There are a number of openings and leaves which have peculiar names. The question asked on the Nottingham newsgroup was "Can somebody tell me all about duffers and, in particular, anti-duffers". Below is a distillation of the replies. Note that these opening and leaves are generally appropriate to advanced play.

Duffer Tice

Firstly a "Duffer tice" is when the player of the second ball sends it somewhere near hoop 6 [from B-baulk and a little to the east of hoop 6]. It's a tice length but not safe for the 3rd player to shoot at it hard as the miss goes into or near A-baulk. They usually ignore the tice as a trickle at it leaves a double target for the 4th ball. [The opening is named after Duff Matthews, it does not imply it is a bad opening].

Anti-Duffer Tice

The anti-duffer is a manoeuvre by the first player on the first stroke to discourage the Duffer tice on the second. The first stroke is played to somewhere 2 or 3 yards off the East boundary (1 or 2 yards off the yard line) about between Hoop 6 high and peg high. This is supposed to discourage a Duffer tice response. Apparently at that level of play, if a Duffer tice is played after this opening, the player of the 3rd ball has a significant chance of getting a 3-ball break going.

Suppose a Duffer tice is laid and then hit on the third turn. The player will now be taking croquet somewhere south of 6. If the partner ball is a couple of yards off the East boundary, and about halfway up, it is possible to take-off behind this ball, getting a rush to 1. This is much harder if the East boundary ball is on the yardline, and further South.

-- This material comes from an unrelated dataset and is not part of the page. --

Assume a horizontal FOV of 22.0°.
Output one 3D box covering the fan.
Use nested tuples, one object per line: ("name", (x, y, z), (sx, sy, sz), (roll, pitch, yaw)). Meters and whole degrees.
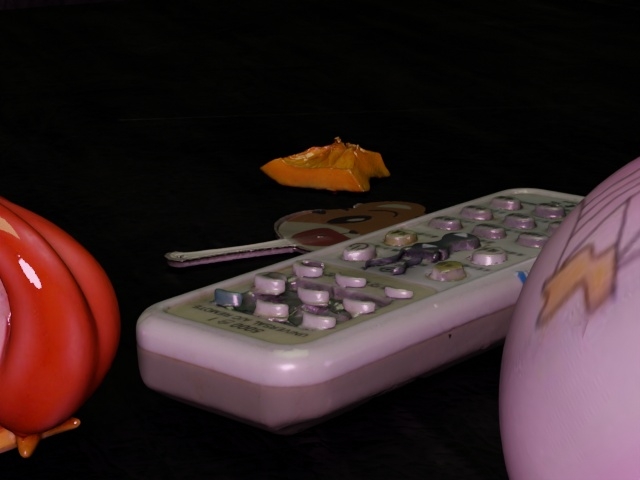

There is another advantage to the anti-Duffer, if the players are more defensive or not such strong shots. On turn three, instead of shooting at the Duffer (for example, if it's quite long) you can go to corner II. The fourth turn player will now usually shoot hard at the tice. If this hits, there's no easy four ball break, because the oppo balls are separated. However, if it misses, the corner two ball can now shoot at the Duffer, joining with partner if it misses, possibly with a rush into the lawn. Whatever shot is taken on the sixth turn, if it is missed there should be an easy break on the seventh turn.

It's interesting to see that the Duffer tice opening seems to be very common at this year's Mac[Robertson Shield Competition], and the corner II (defensive) opening quite uncommon. Also, despite a few people playing the supershot opening, there haven't been very many third turn breaks.

Dream Leave

A 'Dream Leave' is obtained on the 3rd turn of the game when the player leaves a rush for one of his balls from the maximum position (farthest point from baulk) on the east boundary to the 3rd ball near the maximum position on the west boundary. There is a threat of an easy 3-ball break even if the 4th turn player can hide his ball. It is a common leave after making 9 hoops on the third turn but can also be set if the player hits on the third turn but elects not to make hoops. The defensive flat shot through the infield ball to corner 4 can be difficult to make a break from if hit down to the south boundary.

Alternative description

It is a third turn leave which is essentially a diagonal spread with one ball missing. Typically the striker's ball and partner ball will be near the maximum distance position on the East boundary rather than further South. The opponent's ball can be anywhere near the peg, or towards the West boundary, South of hoop 2. The Dream Leave often arises when the first ball is played to the East boundary, and a second turn tice is laid and then hit. From either a standard or Duffer tice, it is usually possible to play a thick take off to partner, sending opponent to some position as described above. Typically this will be near the peg if it was a Duffer tice, and nearer the West boundary if it was a standard tice. Partner is then hit, and a rush set.

The Tea Lady Shot

At the end of your break to 1-back, in preparation for a sextuple during your next turn, the current conventional leave is to cross wire your opponent at hoop 1, and join up near corner III, with a rush to hoop 2. Ideally The cross wiring at hoop 1 is tight enough to ensure that your opponent can't jump the hoop to hit in. You also want to ensure that each ball is wired from one (and only one) of your balls near III.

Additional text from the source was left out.